Dec. 17, 2012 at 9:29 AM ET
It's been the question that's loomed over the entire second season of "Homeland": Would the show dispatch one of its two lead characters (Nicholas Brody, played by Damian Lewis) or continue to have him dodge fire for another 12 episodes?
[Warning: Spoilers "Homeland's" season finale follow.]
The answer was not apparent early in the hour, despite the teasers' many insinuations that someone significant would be getting embalmed, draped in military whites and chucked off of a naval ship. Quinn (Rupert Friend), the black ops agent with Brody in his sights about ten minutes into the finale, had a change of heart.
He confronted Estes (David Harewood) in his bedroom and called him out on nearly two seasons' worth of shady doings. Saying he was only charged with dispatching "bad guys," Quinn advised Estes to leave Brody alone or he'd end up back in that house one night to more grim consequences.
As for Carrie (Claire Danes), who was once again playing house with Brody, she had to make the episode's titular "Choice." Her work aiding the killing of Abu Nazir (Navid Negahban) brought in an official offer to be station chief at the C.I.A., reinstating the job she lost at the end of season one -- but only at the cost of cutting her ties with Brody.
The decision caused a rift between Carrie and Saul (Mandy Patinkin), who was sprung from his Langley detention once Quinn got his hooks into Estes.
During Walden and Nazir's respective funerals -- the latter was the one at sea, seen during the previews -- Carrie and Brody retire to an office where she decides that she chooses him over her career... until Brody's car explodes in front of Walden's funeral service, killing Estes, Walden's family and several hundred other people in the process.
Carrie pulls a gun on Brody, but after he promises Nazir was behind the whole thing, they make a run for it. (She had a secret shed, flush with cash and fake IDs, tucked away the whole time.) Fortunately for them, they're also presumed dead -- especially since the response team soon figured out that the bomb was in his car. And that tape about him admitting to (not) blowing up last season emerges on national news, courtesy of a terrorism group, re-purposed to claim responsibility for the latest turn of events. Brody is alive, but he is officially outed.
With Estes dead, Saul is the ranking officer in the counter-terrorism unit, assuming his protégé is dead (or really off the rails). In a comforting turn of events, Saul's absentee wife says that she's coming back.
Brody's family, officially knocked off their pedestal, await the nation's scorn as news trucks start rolling up in front of their house.
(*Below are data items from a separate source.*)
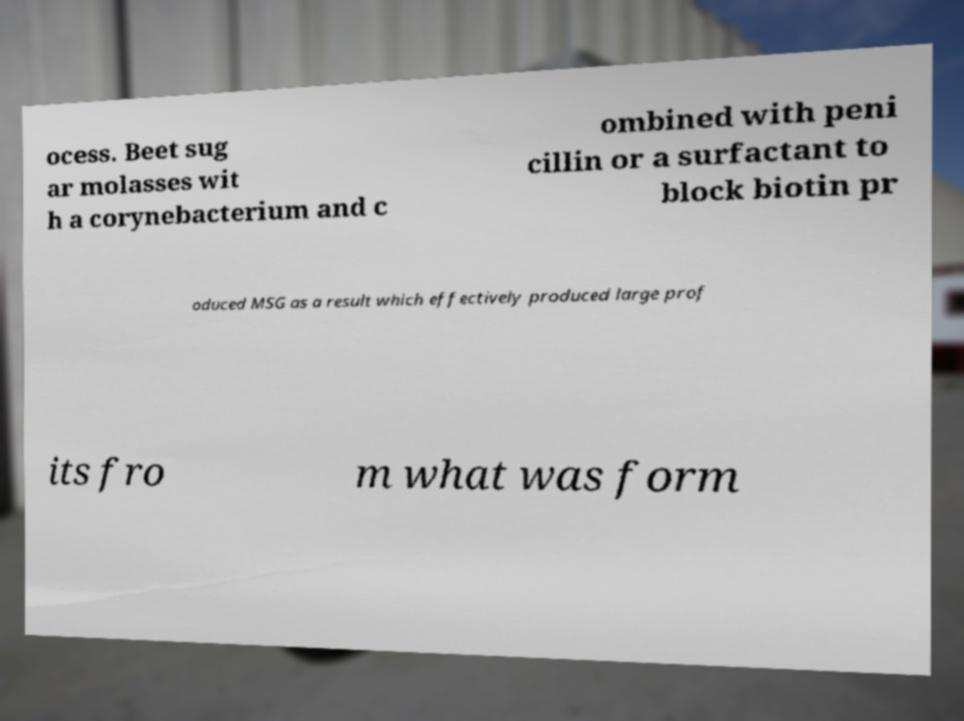Please read and relay the text visible in this image. What does it say? ocess. Beet sug ar molasses wit h a corynebacterium and c ombined with peni cillin or a surfactant to block biotin pr oduced MSG as a result which effectively produced large prof its fro m what was form 
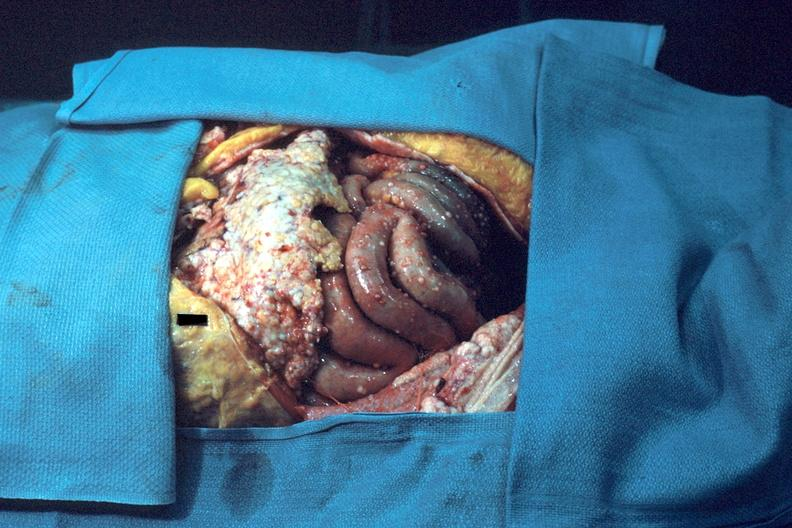s omentum present?
Answer the question using a single word or phrase. No 
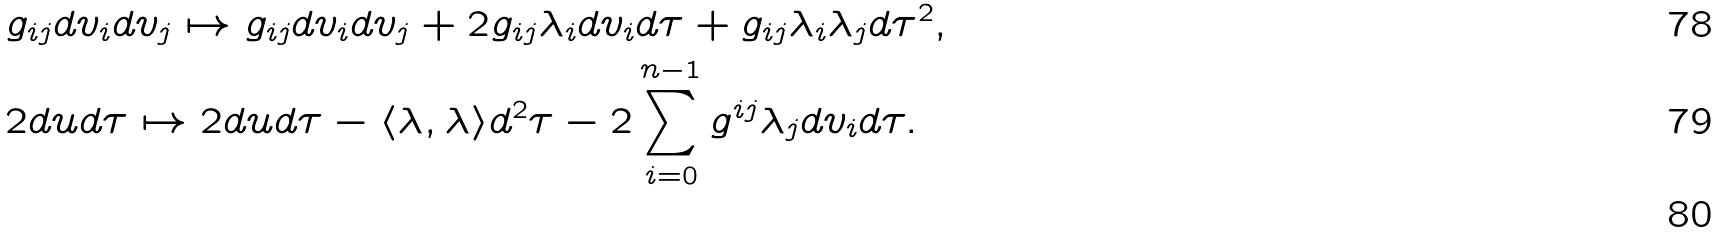<formula> <loc_0><loc_0><loc_500><loc_500>& g _ { i j } d v _ { i } d v _ { j } \mapsto g _ { i j } d v _ { i } d v _ { j } + 2 g _ { i j } \lambda _ { i } d v _ { i } d \tau + g _ { i j } \lambda _ { i } \lambda _ { j } d \tau ^ { 2 } , \\ & 2 d u d \tau \mapsto 2 d u d \tau - \langle \lambda , \lambda \rangle d ^ { 2 } \tau - 2 \sum _ { i = 0 } ^ { n - 1 } g ^ { i j } \lambda _ { j } d v _ { i } d \tau . \\</formula> 
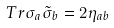<formula> <loc_0><loc_0><loc_500><loc_500>T r \sigma _ { a } \tilde { \sigma } _ { b } = 2 \eta _ { a b }</formula>

As for Brody, publicly vilified and off the grid, he gets sent on his merry way. Carrie made her choice, and it's not really that surprising -- and more true to her character than anything she's done the last few episodes. She tells Brody her cause is calling her and that she'll clear his name. The word "love" is mentioned several times. Tears are shed.
Thankfully, Saul does not suffer in the dark for long. In the last shot, in a room of hundreds of dead bodies, Carrie calls his name -- and he smiles, much like she did at the end of the season premiere.